→ **Your task**: Each record below must be reproduced exactly as it reads, with its images omitted.
BEGIN Supplied records
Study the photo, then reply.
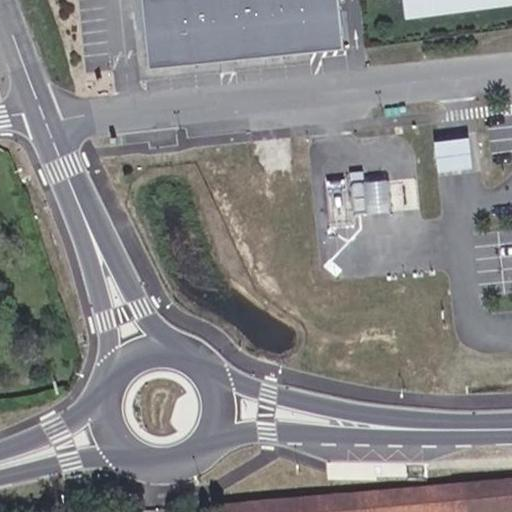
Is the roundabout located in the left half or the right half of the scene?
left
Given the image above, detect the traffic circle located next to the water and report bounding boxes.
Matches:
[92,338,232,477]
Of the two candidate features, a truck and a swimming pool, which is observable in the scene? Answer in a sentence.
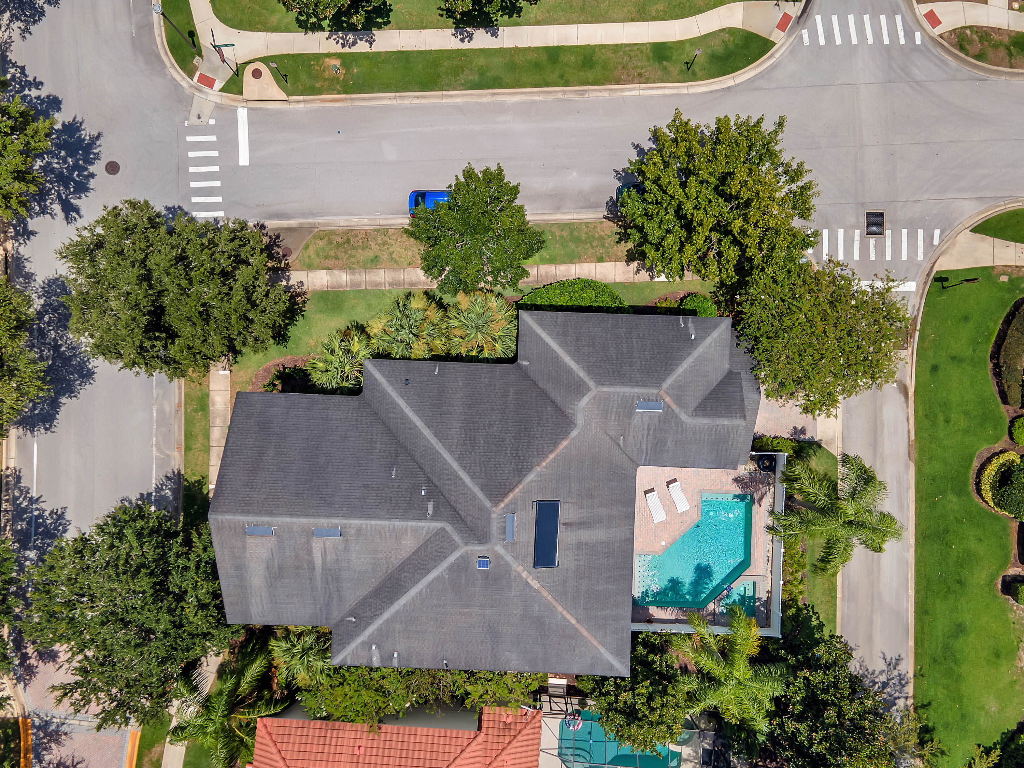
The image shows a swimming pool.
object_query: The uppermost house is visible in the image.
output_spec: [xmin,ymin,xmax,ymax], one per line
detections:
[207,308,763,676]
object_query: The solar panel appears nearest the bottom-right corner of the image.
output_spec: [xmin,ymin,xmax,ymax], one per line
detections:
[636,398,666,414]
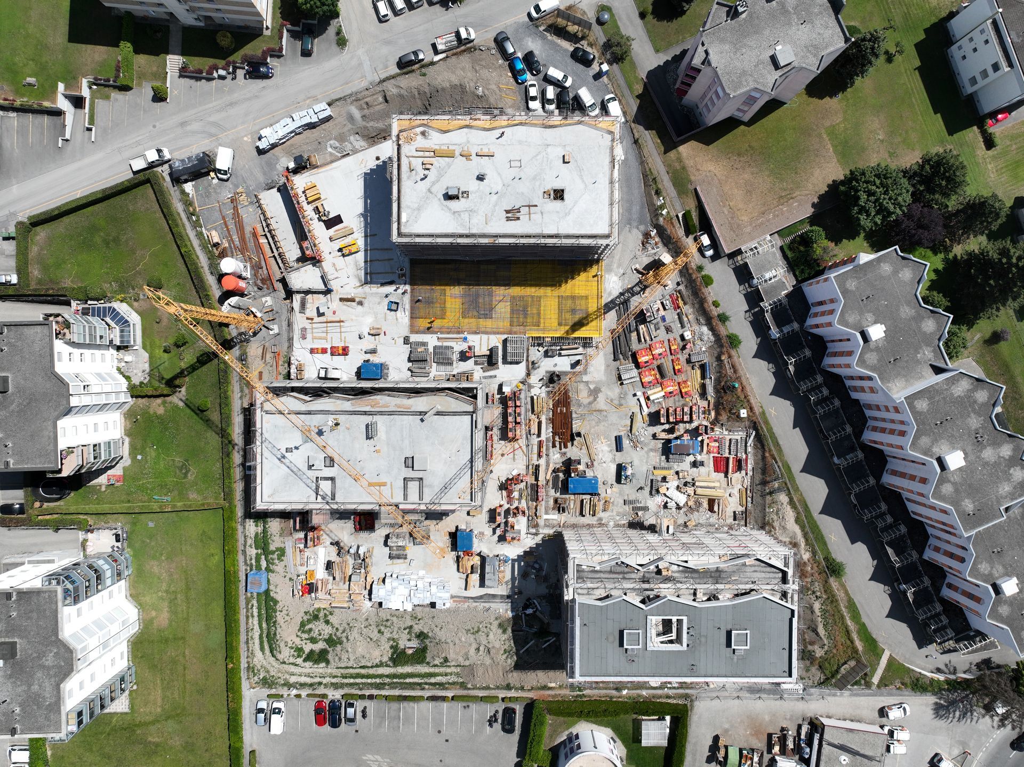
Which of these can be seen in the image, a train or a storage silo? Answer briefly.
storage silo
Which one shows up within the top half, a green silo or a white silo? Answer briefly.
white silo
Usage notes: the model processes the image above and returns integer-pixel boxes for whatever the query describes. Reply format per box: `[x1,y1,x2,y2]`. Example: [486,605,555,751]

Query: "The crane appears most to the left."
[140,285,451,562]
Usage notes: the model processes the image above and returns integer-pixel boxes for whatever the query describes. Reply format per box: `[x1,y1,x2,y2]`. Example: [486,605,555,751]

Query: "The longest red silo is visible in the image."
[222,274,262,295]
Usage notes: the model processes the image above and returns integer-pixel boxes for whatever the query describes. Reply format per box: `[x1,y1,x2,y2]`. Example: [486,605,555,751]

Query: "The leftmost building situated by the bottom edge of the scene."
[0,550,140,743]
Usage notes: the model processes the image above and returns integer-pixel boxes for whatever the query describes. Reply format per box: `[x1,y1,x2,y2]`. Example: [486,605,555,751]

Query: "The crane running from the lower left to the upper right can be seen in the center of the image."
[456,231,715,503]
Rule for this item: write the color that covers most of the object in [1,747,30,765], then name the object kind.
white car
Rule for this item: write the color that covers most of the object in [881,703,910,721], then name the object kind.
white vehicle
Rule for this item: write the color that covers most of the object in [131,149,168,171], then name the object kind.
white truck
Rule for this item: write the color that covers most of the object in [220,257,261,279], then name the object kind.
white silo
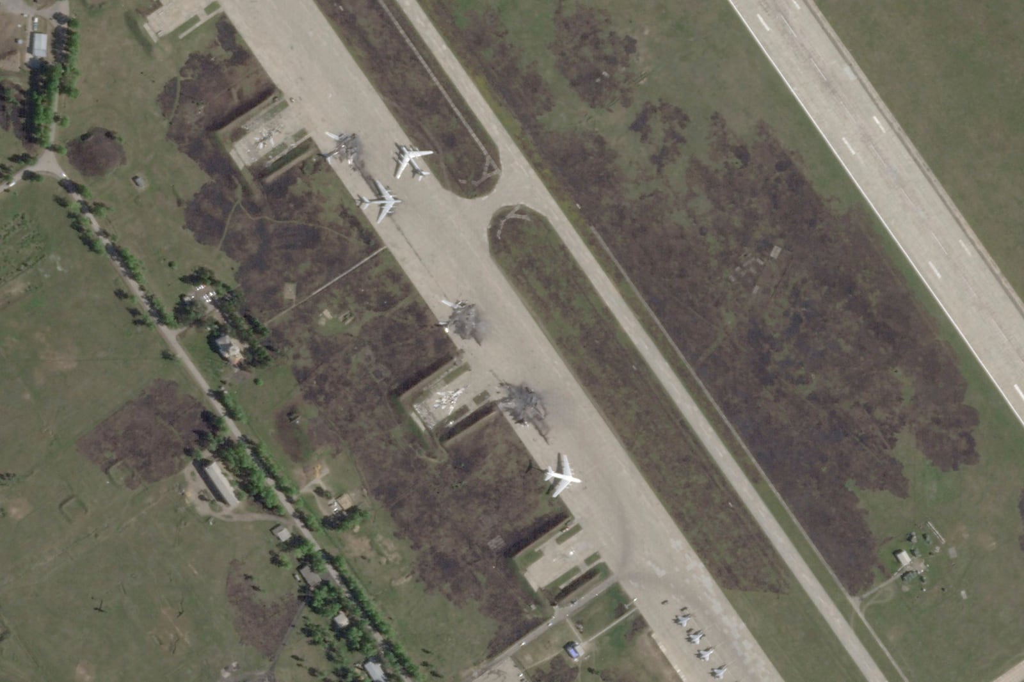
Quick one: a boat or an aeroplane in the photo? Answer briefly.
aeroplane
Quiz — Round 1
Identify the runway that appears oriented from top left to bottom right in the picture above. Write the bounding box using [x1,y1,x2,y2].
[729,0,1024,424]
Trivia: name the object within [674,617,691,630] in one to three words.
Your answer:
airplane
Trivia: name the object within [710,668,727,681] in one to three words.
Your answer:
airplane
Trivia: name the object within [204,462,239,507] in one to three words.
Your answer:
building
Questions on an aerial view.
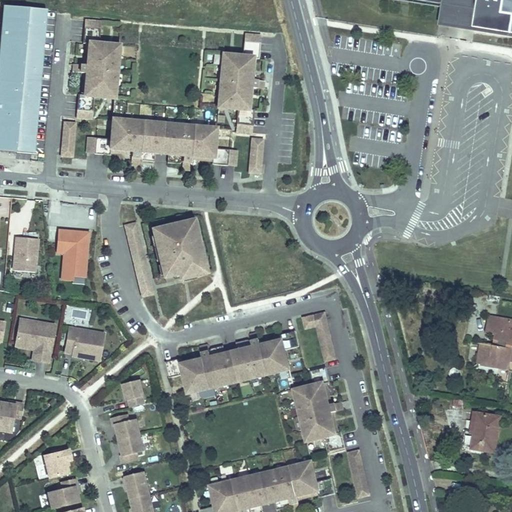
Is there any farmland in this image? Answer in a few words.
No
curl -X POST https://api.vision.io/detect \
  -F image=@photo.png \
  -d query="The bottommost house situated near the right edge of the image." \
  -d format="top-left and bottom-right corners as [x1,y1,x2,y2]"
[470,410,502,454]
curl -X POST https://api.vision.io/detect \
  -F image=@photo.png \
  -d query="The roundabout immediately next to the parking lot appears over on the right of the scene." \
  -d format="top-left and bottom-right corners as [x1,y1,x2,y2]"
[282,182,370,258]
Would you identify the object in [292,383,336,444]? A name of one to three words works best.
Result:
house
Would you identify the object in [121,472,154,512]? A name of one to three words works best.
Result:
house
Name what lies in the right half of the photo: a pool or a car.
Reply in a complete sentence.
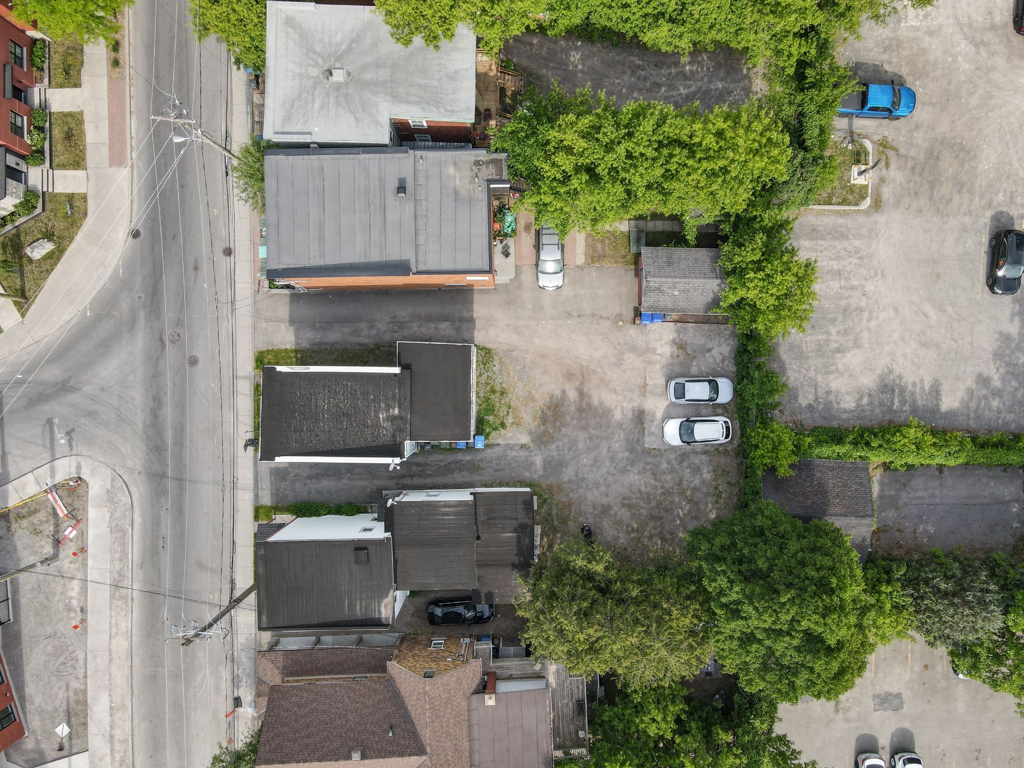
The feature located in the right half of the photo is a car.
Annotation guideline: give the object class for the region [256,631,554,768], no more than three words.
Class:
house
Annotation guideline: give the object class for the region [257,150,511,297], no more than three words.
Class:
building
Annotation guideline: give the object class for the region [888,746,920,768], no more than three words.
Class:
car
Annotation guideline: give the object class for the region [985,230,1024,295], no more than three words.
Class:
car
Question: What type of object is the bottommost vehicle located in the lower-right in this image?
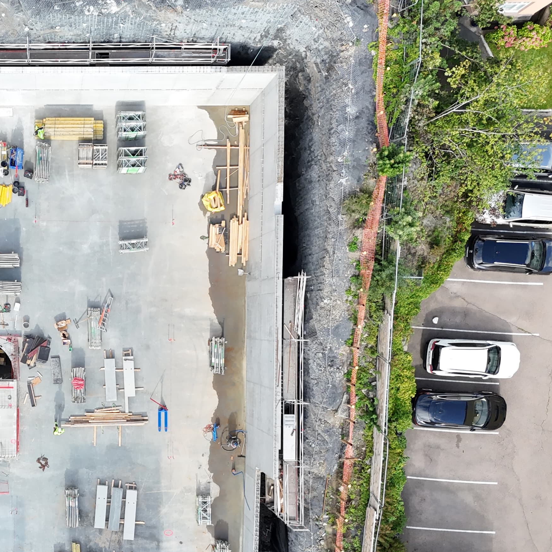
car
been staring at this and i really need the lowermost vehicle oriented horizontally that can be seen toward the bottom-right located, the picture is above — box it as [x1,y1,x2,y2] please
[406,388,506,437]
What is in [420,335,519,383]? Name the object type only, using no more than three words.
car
END Supplied records
→ **Your solution**:
Study the photo, then reply.
Is the roundabout located in the left half or the right half of the scene?
left
Given the image above, detect the traffic circle located next to the water and report bounding boxes.
Matches:
[92,338,232,477]
Of the two candidate features, a truck and a swimming pool, which is observable in the scene? Answer in a sentence.
The image shows a swimming pool.
object_query: The uppermost house is visible in the image.
output_spec: [xmin,ymin,xmax,ymax], one per line
detections:
[207,308,763,676]
object_query: The solar panel appears nearest the bottom-right corner of the image.
output_spec: [xmin,ymin,xmax,ymax], one per line
detections:
[636,398,666,414]
Which of these can be seen in the image, a train or a storage silo? Answer briefly.
storage silo
Which one shows up within the top half, a green silo or a white silo? Answer briefly.
white silo
Usage notes: the model processes the image above and returns integer-pixel boxes for whatever the query describes. Reply format per box: `[x1,y1,x2,y2]`. Example: [486,605,555,751]

Query: "The crane appears most to the left."
[140,285,451,562]
Usage notes: the model processes the image above and returns integer-pixel boxes for whatever the query describes. Reply format per box: `[x1,y1,x2,y2]`. Example: [486,605,555,751]

Query: "The longest red silo is visible in the image."
[222,274,262,295]
Usage notes: the model processes the image above and returns integer-pixel boxes for whatever the query describes. Reply format per box: `[x1,y1,x2,y2]`. Example: [486,605,555,751]

Query: "The leftmost building situated by the bottom edge of the scene."
[0,550,140,743]
Usage notes: the model processes the image above and returns integer-pixel boxes for whatever the query describes. Reply format per box: `[x1,y1,x2,y2]`. Example: [486,605,555,751]

Query: "The crane running from the lower left to the upper right can be seen in the center of the image."
[456,231,715,503]
Rule for this item: write the color that covers most of the object in [1,747,30,765], then name the object kind.
white car
Rule for this item: write the color that covers most of the object in [881,703,910,721], then name the object kind.
white vehicle
Rule for this item: write the color that covers most of the object in [131,149,168,171], then name the object kind.
white truck
Rule for this item: write the color that covers most of the object in [220,257,261,279], then name the object kind.
white silo
Quick one: a boat or an aeroplane in the photo? Answer briefly.
aeroplane
Quiz — Round 1
Identify the runway that appears oriented from top left to bottom right in the picture above. Write the bounding box using [x1,y1,x2,y2].
[729,0,1024,424]
Trivia: name the object within [674,617,691,630] in one to three words.
Your answer:
airplane
Trivia: name the object within [710,668,727,681] in one to three words.
Your answer:
airplane
Trivia: name the object within [204,462,239,507] in one to three words.
Your answer:
building
Questions on an aerial view.
Is there any farmland in this image? Answer in a few words.
No
curl -X POST https://api.vision.io/detect \
  -F image=@photo.png \
  -d query="The bottommost house situated near the right edge of the image." \
  -d format="top-left and bottom-right corners as [x1,y1,x2,y2]"
[470,410,502,454]
curl -X POST https://api.vision.io/detect \
  -F image=@photo.png \
  -d query="The roundabout immediately next to the parking lot appears over on the right of the scene." \
  -d format="top-left and bottom-right corners as [x1,y1,x2,y2]"
[282,182,370,258]
Would you identify the object in [292,383,336,444]? A name of one to three words works best.
Result:
house
Would you identify the object in [121,472,154,512]? A name of one to three words works best.
Result:
house
Name what lies in the right half of the photo: a pool or a car.
Reply in a complete sentence.
The feature located in the right half of the photo is a car.
Annotation guideline: give the object class for the region [256,631,554,768], no more than three words.
Class:
house
Annotation guideline: give the object class for the region [257,150,511,297], no more than three words.
Class:
building
Annotation guideline: give the object class for the region [888,746,920,768], no more than three words.
Class:
car
Annotation guideline: give the object class for the region [985,230,1024,295], no more than three words.
Class:
car
Question: What type of object is the bottommost vehicle located in the lower-right in this image?
car
been staring at this and i really need the lowermost vehicle oriented horizontally that can be seen toward the bottom-right located, the picture is above — box it as [x1,y1,x2,y2] please
[406,388,506,437]
What is in [420,335,519,383]? Name the object type only, using no more than three words.
car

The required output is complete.